■ **Work task**
Both the line containing "from nebulo.gql.sqla_to_gql import" and the last line of the listing are included: write out exactly the lines from one to the other.

■ **Material shown**
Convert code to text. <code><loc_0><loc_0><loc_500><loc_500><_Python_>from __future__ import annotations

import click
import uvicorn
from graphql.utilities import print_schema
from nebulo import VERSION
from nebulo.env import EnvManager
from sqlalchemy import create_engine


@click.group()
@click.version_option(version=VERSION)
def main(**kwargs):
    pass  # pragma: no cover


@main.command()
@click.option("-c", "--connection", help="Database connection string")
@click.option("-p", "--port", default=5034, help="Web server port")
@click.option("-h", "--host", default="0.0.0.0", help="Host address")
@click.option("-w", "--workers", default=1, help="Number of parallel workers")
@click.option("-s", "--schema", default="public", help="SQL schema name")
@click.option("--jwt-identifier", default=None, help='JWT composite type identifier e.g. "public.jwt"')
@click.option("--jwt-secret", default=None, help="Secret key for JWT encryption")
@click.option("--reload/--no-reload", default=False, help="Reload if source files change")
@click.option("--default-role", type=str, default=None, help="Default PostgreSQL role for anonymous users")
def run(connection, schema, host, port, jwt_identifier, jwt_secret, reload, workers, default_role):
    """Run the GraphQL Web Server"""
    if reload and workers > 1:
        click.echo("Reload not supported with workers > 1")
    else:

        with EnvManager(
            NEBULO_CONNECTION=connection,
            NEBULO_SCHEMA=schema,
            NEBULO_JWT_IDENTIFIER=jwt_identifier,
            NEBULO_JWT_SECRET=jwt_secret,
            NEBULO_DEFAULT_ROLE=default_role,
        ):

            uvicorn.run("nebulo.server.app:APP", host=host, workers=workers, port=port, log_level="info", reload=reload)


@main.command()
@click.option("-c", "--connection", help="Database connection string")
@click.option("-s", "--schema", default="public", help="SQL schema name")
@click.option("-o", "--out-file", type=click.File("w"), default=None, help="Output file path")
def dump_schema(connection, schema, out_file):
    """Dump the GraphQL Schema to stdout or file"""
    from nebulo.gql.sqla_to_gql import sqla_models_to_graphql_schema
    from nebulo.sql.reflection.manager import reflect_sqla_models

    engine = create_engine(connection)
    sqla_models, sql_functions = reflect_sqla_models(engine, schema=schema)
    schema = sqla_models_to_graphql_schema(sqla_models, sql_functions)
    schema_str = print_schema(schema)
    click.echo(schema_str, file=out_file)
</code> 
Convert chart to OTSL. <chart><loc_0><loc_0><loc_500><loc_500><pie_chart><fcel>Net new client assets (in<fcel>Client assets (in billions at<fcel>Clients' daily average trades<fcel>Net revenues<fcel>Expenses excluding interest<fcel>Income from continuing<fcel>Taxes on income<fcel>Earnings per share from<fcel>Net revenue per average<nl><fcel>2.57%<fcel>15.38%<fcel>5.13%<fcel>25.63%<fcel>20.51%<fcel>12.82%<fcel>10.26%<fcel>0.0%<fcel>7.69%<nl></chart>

■ **Completed task**
    from nebulo.gql.sqla_to_gql import sqla_models_to_graphql_schema
    from nebulo.sql.reflection.manager import reflect_sqla_models

    engine = create_engine(connection)
    sqla_models, sql_functions = reflect_sqla_models(engine, schema=schema)
    schema = sqla_models_to_graphql_schema(sqla_models, sql_functions)
    schema_str = print_schema(schema)
    click.echo(schema_str, file=out_file)
</code> 
Convert chart to OTSL. <chart><loc_0><loc_0><loc_500><loc_500><pie_chart><fcel>Net new client assets (in<fcel>Client assets (in billions at<fcel>Clients' daily average trades<fcel>Net revenues<fcel>Expenses excluding interest<fcel>Income from continuing<fcel>Taxes on income<fcel>Earnings per share from<fcel>Net revenue per average<nl><fcel>2.57%<fcel>15.38%<fcel>5.13%<fcel>25.63%<fcel>20.51%<fcel>12.82%<fcel>10.26%<fcel>0.0%<fcel>7.69%<nl></chart>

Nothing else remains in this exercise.